#### WHAT TO PRODUCE:
Search the listing below for the line containing "blk.add_mtext('\\A1;2/3H', dxfattribs=at)". From there through the line containing "2.5), [2.5, -2.5])])", transcribe every line exactly, both ends included.
= = = = = = =
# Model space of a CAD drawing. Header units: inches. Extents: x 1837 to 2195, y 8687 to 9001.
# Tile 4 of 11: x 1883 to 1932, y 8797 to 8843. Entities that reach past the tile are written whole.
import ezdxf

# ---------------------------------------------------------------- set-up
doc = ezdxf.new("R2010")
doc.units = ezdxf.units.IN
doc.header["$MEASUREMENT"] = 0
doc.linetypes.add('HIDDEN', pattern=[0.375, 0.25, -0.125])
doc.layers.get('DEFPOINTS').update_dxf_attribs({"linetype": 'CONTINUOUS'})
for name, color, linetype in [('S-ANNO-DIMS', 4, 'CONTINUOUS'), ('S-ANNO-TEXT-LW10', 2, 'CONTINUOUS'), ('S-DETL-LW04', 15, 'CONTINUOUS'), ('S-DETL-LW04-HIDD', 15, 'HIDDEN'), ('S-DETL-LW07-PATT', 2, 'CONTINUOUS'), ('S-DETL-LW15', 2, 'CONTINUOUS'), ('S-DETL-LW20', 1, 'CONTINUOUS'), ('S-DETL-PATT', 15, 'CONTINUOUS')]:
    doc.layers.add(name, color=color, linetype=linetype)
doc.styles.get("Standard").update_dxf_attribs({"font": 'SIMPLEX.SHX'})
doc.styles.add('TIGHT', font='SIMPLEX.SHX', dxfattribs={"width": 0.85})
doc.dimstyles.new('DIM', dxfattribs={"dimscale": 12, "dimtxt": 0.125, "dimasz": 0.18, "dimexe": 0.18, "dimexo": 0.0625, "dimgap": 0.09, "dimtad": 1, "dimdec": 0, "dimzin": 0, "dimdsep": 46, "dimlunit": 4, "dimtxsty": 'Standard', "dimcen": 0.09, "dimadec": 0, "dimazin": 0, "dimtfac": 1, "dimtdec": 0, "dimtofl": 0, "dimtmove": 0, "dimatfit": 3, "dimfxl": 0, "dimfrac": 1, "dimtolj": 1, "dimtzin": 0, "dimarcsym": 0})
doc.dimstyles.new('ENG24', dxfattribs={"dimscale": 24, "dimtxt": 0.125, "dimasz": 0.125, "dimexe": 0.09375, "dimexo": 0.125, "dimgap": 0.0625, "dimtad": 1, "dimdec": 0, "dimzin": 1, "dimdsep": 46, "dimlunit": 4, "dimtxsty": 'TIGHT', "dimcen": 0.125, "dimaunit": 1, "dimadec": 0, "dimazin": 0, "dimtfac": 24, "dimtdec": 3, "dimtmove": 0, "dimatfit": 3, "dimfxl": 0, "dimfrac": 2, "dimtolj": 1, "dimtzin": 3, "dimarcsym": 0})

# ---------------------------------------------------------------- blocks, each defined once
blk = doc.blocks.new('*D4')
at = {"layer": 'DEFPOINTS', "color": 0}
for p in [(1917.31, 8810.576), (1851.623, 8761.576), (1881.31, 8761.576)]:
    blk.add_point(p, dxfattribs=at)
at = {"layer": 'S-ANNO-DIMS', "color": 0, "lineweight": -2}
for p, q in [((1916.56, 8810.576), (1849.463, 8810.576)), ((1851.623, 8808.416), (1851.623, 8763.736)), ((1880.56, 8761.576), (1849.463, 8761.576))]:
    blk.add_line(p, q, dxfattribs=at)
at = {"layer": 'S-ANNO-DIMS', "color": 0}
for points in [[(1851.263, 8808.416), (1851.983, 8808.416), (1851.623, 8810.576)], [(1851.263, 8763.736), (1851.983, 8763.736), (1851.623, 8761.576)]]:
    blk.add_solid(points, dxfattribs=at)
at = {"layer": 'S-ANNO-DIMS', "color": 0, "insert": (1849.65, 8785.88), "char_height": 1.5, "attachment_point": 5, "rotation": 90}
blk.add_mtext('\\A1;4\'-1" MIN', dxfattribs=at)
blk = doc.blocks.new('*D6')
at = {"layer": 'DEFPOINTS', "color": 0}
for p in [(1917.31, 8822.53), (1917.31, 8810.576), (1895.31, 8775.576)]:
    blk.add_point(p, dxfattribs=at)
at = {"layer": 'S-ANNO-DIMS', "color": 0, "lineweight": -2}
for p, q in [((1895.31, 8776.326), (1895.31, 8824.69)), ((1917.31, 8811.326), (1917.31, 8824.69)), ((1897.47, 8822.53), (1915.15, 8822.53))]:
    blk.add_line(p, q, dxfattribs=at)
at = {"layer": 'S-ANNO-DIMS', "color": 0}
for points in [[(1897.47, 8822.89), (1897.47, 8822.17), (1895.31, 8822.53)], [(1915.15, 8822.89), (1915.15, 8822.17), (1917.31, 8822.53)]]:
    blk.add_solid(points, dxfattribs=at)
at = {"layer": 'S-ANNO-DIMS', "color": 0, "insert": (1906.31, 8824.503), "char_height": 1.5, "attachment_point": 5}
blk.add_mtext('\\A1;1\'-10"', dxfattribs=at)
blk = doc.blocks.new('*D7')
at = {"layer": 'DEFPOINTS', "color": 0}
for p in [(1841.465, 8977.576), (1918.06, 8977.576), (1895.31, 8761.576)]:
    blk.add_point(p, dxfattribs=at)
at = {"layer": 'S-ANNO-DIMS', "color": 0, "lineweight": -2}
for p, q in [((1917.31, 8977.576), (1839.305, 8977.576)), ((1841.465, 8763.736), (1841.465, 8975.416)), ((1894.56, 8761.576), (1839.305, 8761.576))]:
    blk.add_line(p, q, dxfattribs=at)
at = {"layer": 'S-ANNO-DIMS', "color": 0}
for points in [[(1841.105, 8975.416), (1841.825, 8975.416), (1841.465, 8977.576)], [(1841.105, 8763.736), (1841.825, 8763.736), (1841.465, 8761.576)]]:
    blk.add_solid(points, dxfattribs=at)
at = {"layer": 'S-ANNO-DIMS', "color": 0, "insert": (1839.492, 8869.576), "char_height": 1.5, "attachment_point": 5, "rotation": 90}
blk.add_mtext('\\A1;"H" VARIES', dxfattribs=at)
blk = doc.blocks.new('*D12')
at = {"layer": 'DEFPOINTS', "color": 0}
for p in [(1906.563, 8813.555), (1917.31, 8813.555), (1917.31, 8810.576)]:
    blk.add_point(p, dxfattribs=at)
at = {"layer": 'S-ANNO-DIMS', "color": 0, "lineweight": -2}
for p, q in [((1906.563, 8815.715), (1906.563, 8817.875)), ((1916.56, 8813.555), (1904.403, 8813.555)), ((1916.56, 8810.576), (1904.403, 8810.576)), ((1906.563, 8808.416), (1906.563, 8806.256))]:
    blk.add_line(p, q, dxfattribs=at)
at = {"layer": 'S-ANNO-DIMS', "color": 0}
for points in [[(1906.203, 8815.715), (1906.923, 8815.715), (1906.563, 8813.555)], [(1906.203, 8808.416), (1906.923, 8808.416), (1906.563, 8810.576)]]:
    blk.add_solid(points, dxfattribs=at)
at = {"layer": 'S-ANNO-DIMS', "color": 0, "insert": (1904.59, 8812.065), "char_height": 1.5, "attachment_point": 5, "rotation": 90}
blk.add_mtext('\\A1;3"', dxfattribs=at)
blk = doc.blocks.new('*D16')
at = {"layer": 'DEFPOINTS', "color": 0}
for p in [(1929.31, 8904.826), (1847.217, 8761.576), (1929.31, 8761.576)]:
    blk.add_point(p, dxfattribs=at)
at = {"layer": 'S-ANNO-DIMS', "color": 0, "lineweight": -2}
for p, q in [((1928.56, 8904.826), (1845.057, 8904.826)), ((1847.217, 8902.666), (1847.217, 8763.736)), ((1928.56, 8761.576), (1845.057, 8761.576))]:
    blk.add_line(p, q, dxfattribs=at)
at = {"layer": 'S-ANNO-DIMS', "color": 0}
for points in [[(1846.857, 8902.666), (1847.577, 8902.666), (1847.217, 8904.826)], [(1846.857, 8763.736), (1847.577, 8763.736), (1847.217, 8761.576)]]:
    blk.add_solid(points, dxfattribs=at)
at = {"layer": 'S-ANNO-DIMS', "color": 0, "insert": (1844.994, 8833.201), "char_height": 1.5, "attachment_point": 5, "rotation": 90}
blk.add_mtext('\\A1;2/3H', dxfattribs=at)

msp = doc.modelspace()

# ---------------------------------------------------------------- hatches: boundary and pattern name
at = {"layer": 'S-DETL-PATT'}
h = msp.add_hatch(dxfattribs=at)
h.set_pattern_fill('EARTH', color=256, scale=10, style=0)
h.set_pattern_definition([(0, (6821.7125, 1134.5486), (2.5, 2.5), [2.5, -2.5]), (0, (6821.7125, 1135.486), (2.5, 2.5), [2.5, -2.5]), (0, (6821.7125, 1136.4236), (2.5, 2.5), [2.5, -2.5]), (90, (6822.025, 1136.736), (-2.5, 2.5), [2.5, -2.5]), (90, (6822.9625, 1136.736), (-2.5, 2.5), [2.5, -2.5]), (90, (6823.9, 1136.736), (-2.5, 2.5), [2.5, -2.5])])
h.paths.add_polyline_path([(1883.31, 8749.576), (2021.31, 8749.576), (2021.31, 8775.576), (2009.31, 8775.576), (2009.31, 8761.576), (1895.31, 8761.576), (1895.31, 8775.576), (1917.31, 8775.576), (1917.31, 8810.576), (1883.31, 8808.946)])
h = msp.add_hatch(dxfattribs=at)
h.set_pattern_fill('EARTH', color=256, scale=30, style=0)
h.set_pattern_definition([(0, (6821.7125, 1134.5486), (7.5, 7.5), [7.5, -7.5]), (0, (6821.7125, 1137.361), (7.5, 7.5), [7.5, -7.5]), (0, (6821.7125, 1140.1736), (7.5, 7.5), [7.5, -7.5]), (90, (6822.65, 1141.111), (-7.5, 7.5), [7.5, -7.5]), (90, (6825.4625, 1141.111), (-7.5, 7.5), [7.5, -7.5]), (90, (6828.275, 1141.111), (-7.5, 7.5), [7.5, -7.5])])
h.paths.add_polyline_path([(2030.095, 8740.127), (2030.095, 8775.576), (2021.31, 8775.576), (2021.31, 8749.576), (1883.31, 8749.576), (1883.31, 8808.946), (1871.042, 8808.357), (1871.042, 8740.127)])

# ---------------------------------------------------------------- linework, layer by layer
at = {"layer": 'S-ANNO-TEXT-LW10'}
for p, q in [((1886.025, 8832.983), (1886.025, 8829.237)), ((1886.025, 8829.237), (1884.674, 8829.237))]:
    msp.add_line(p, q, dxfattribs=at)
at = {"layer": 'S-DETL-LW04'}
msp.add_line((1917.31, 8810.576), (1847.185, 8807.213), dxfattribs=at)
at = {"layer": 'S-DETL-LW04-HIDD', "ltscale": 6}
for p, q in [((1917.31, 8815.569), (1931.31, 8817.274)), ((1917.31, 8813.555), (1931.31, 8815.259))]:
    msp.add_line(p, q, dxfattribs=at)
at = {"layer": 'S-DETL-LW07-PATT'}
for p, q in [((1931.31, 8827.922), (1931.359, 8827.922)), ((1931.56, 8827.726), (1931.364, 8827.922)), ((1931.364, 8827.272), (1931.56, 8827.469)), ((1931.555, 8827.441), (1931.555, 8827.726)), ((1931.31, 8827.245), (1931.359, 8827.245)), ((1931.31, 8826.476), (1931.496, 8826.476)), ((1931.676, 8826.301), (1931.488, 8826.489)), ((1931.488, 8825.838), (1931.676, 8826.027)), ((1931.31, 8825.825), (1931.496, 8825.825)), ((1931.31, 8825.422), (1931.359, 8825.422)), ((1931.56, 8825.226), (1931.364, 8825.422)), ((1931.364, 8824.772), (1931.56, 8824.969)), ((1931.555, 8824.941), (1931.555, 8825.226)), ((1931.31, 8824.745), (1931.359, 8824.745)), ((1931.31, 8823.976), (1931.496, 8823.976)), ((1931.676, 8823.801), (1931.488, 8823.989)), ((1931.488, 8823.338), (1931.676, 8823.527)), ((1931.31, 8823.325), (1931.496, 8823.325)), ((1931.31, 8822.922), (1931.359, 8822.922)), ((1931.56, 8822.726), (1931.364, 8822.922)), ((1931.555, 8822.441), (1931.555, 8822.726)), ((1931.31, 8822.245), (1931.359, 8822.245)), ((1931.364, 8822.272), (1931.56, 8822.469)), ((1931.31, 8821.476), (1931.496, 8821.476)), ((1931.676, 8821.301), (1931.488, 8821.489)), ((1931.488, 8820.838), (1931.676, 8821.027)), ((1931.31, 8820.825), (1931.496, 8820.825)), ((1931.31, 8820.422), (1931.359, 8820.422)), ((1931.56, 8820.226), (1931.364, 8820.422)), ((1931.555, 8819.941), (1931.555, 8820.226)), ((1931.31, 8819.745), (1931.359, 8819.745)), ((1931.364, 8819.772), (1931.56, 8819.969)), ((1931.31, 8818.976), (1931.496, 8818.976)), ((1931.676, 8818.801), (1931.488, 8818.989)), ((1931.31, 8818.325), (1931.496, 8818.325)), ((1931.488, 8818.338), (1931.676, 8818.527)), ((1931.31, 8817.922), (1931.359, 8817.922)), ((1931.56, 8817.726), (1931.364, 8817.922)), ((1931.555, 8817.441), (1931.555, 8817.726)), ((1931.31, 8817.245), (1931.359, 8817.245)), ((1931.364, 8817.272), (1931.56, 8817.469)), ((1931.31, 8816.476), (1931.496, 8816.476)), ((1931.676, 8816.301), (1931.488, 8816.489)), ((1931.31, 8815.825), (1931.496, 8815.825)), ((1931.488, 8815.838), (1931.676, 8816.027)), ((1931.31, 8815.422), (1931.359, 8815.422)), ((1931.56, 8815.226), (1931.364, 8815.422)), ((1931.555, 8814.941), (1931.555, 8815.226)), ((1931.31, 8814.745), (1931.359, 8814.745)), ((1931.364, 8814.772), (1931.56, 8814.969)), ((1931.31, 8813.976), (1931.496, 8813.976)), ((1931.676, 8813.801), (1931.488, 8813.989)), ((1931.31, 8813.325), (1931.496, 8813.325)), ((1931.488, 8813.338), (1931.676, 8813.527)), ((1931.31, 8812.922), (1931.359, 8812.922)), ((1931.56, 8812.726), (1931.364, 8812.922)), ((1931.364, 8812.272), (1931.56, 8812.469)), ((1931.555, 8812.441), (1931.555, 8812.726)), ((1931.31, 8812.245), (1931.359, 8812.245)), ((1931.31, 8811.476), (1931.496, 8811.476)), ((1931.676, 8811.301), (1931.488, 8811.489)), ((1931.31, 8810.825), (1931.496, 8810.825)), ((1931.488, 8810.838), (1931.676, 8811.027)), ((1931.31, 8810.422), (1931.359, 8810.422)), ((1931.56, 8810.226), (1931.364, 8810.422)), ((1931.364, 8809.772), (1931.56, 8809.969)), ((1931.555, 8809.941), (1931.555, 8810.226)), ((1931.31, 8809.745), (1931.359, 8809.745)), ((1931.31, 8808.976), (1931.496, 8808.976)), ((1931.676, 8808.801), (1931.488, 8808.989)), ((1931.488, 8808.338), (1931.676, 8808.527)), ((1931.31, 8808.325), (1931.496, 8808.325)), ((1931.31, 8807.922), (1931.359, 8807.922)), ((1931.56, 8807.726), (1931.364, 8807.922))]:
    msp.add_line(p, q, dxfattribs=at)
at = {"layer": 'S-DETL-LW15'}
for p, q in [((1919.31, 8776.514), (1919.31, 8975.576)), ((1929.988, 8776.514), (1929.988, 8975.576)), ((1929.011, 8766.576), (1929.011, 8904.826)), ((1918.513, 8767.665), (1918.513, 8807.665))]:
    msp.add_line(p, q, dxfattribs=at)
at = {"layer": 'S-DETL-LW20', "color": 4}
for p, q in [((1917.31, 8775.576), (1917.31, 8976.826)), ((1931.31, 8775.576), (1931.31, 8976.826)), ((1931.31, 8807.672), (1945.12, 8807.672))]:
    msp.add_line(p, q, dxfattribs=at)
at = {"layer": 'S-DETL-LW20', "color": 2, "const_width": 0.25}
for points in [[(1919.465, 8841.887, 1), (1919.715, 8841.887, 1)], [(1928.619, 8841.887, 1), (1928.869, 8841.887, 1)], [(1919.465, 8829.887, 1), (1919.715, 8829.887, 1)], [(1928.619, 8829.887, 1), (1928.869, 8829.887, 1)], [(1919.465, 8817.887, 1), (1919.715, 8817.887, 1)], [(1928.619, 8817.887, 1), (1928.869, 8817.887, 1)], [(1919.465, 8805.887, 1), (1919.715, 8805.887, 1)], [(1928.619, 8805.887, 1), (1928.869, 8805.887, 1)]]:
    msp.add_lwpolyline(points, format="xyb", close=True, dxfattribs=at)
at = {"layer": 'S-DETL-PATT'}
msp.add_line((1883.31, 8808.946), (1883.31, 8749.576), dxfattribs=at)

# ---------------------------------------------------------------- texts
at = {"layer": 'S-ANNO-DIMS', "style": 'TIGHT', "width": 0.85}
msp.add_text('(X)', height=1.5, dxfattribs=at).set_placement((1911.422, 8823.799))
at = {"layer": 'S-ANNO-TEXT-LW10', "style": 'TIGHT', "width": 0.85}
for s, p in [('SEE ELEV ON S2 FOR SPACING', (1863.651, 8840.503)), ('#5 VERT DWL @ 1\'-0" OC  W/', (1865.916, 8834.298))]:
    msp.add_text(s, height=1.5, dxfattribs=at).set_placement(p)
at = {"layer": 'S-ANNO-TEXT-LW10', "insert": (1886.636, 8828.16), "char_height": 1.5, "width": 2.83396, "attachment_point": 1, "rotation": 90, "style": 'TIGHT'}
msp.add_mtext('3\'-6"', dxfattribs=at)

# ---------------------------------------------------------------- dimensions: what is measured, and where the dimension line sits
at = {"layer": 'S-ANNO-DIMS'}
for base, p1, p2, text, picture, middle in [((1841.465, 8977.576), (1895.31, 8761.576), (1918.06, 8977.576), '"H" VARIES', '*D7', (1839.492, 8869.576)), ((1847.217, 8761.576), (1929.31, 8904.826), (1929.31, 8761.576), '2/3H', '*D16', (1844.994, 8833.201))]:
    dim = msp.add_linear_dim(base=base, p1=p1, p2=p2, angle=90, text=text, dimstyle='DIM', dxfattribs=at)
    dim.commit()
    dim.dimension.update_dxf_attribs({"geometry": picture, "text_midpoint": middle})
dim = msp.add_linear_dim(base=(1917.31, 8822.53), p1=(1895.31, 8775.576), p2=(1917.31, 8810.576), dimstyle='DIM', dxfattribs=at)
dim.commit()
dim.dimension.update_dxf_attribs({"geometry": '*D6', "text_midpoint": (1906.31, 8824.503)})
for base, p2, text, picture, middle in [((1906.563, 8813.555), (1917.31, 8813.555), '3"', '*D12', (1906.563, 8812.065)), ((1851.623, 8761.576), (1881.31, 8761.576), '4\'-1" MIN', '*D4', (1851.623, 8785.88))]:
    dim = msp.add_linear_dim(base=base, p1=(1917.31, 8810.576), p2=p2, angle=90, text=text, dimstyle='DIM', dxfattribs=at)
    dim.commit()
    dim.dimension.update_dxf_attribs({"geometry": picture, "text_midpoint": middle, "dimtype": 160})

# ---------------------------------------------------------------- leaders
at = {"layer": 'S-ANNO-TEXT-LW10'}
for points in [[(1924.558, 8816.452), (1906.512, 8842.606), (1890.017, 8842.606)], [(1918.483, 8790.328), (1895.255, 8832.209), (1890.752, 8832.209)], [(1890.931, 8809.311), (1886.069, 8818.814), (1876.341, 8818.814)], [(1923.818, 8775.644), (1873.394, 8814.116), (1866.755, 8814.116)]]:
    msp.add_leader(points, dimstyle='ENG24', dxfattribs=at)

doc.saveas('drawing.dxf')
= = = = = = =
#### EXERCISE OUTPUT:
blk.add_mtext('\\A1;2/3H', dxfattribs=at)

msp = doc.modelspace()

# ---------------------------------------------------------------- hatches: boundary and pattern name
at = {"layer": 'S-DETL-PATT'}
h = msp.add_hatch(dxfattribs=at)
h.set_pattern_fill('EARTH', color=256, scale=10, style=0)
h.set_pattern_definition([(0, (6821.7125, 1134.5486), (2.5, 2.5), [2.5, -2.5]), (0, (6821.7125, 1135.486), (2.5, 2.5), [2.5, -2.5]), (0, (6821.7125, 1136.4236), (2.5, 2.5), [2.5, -2.5]), (90, (6822.025, 1136.736), (-2.5, 2.5), [2.5, -2.5]), (90, (6822.9625, 1136.736), (-2.5, 2.5), [2.5, -2.5]), (90, (6823.9, 1136.736), (-2.5, 2.5), [2.5, -2.5])])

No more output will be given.